If the LDAST had a positive control to show that the cosyntropin appropriately reached the patient, it would help to allow the endocrinologist to recognize a false positive result. As stated above, VEGF is stimulated by ACTH in animals. If VEGF levels were measured with cortisol levels, and they rose above a set threshold, the interpreting physician could feel more comfortable knowing that the test was administered appropriately. For VEGF to be a good control value, it would need to have a significant rise in response to cosyntropin, and would need to rise quickly and after one dose (the LDAST lasts one hour) and be independent of the cortisol response. In the in vitro study above, steroid-treated cells had significant rise in VEGF within one hour of ACTH treatment, and VEGF stayed elevated for up to four hours. In a study looking at whether VEGF could be a diagnostic biomarker to differentiate acute stroke in adults versus stroke mimics, there was a significant elevation of VEGF at the time of stroke presentation compared to the average normal value (peak median 1700 pg/mL with interquartile range of 1500-1900; baseline median 466 with interquartile range of 392-649). The mechanism for rise in VEGF was postulated to be due to a hypoxia stimulus in this case. However, it seems that VEGF can be acutely stimulated (potentially within one hour of a stimulus) and has the ability to rise to several standard deviations above the normal median baseline value in humans.

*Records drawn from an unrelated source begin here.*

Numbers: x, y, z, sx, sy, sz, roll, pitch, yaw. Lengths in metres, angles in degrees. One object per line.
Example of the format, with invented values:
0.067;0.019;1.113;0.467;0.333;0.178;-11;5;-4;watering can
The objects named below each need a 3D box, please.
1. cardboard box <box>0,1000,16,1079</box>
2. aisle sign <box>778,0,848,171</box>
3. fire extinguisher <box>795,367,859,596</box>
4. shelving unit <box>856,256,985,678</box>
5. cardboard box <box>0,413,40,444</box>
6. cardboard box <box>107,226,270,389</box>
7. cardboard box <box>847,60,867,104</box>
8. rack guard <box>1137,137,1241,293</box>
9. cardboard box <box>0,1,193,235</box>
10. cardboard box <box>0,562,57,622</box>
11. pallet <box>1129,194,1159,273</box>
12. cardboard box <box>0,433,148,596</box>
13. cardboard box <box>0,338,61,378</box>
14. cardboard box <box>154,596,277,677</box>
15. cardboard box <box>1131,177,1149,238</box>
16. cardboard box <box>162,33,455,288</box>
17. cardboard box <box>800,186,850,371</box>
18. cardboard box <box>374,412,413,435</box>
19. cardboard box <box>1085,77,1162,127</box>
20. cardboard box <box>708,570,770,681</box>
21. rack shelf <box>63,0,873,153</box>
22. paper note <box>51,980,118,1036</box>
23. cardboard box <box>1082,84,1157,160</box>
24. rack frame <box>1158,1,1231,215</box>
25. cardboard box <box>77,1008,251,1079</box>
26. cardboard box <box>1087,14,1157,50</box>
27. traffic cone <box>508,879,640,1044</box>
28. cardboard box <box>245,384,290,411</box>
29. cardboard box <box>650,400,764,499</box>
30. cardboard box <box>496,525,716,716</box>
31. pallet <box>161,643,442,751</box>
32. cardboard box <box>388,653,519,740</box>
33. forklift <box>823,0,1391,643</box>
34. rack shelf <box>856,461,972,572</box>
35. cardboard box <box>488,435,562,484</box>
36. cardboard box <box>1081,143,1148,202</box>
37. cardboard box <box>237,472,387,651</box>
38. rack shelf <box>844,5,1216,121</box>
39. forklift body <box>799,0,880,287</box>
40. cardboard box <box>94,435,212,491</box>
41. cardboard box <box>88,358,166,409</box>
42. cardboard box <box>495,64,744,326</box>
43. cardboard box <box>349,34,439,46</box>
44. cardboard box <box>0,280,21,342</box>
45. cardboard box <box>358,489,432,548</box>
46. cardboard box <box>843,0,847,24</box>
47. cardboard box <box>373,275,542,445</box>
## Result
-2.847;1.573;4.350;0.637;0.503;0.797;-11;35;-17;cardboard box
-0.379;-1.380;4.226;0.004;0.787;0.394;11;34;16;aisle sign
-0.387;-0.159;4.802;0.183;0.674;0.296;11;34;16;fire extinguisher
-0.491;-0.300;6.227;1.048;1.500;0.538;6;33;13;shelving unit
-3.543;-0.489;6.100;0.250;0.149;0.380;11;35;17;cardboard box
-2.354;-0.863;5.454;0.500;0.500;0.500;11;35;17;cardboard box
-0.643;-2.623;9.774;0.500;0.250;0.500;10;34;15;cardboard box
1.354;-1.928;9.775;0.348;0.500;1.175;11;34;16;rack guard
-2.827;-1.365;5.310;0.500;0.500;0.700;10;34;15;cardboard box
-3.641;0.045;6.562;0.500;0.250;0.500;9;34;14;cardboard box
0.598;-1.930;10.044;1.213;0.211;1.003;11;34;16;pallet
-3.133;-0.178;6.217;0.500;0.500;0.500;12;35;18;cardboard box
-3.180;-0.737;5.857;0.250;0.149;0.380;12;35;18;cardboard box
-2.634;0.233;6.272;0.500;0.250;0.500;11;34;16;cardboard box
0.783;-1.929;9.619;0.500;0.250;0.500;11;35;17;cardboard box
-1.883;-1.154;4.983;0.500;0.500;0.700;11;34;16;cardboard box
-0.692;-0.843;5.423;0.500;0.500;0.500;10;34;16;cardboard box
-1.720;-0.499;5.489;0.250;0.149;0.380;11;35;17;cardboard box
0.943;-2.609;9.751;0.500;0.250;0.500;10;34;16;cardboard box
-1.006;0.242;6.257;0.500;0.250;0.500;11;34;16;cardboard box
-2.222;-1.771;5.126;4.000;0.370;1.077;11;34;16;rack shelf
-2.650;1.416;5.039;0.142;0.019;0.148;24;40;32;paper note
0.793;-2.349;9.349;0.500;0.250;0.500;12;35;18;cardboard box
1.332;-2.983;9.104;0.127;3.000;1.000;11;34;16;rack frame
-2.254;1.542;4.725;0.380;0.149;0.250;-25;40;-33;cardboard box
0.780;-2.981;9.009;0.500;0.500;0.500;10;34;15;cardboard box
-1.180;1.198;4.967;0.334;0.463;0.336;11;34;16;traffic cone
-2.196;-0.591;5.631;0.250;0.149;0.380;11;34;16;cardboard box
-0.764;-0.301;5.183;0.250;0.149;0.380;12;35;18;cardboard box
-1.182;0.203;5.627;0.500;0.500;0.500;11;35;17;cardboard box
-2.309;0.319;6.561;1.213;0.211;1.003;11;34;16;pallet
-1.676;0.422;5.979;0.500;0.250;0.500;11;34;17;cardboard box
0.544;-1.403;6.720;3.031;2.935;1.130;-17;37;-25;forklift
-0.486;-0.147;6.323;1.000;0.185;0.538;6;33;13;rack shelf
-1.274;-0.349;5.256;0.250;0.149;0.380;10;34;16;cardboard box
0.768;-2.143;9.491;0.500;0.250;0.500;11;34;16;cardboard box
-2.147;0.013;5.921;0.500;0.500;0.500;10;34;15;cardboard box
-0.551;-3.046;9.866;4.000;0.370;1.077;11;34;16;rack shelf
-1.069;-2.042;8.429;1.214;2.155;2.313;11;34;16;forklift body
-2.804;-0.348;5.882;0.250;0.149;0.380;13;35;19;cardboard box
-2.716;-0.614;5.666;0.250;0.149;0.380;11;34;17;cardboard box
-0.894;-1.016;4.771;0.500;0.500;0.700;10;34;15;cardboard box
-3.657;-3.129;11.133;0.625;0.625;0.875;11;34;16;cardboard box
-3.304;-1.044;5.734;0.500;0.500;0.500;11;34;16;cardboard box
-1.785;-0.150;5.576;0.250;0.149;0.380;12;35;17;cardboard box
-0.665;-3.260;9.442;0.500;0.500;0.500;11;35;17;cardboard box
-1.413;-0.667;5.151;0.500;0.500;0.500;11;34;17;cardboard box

VEGF: Vascular Endothelial Growth Factor is a cytokine glycoprotein that is responsible for angiogenesis, or the formation of new blood vessels. It can also maintain blood vessel density, thickness, and permeability, and it is vital for endothelial cell survival. VEGF is a family of cytokines, with VEGF-A being the prototype and most common. It is found in the lungs, kidneys, heart, adrenals, bone, brain, and several other organs. Within the adrenal, VEGF has been shown to be stimulated by ACTH and can be protective against atrophy in steroid use. Important in regards to this study, an animal study showed that VEGF can be stimulated by ACTH outside the adrenal glands, namely in osteoblasts in bone. Osteoblasts have an MC2R receptor that is stimulated by ACTH, leading to a rise in VEGF levels.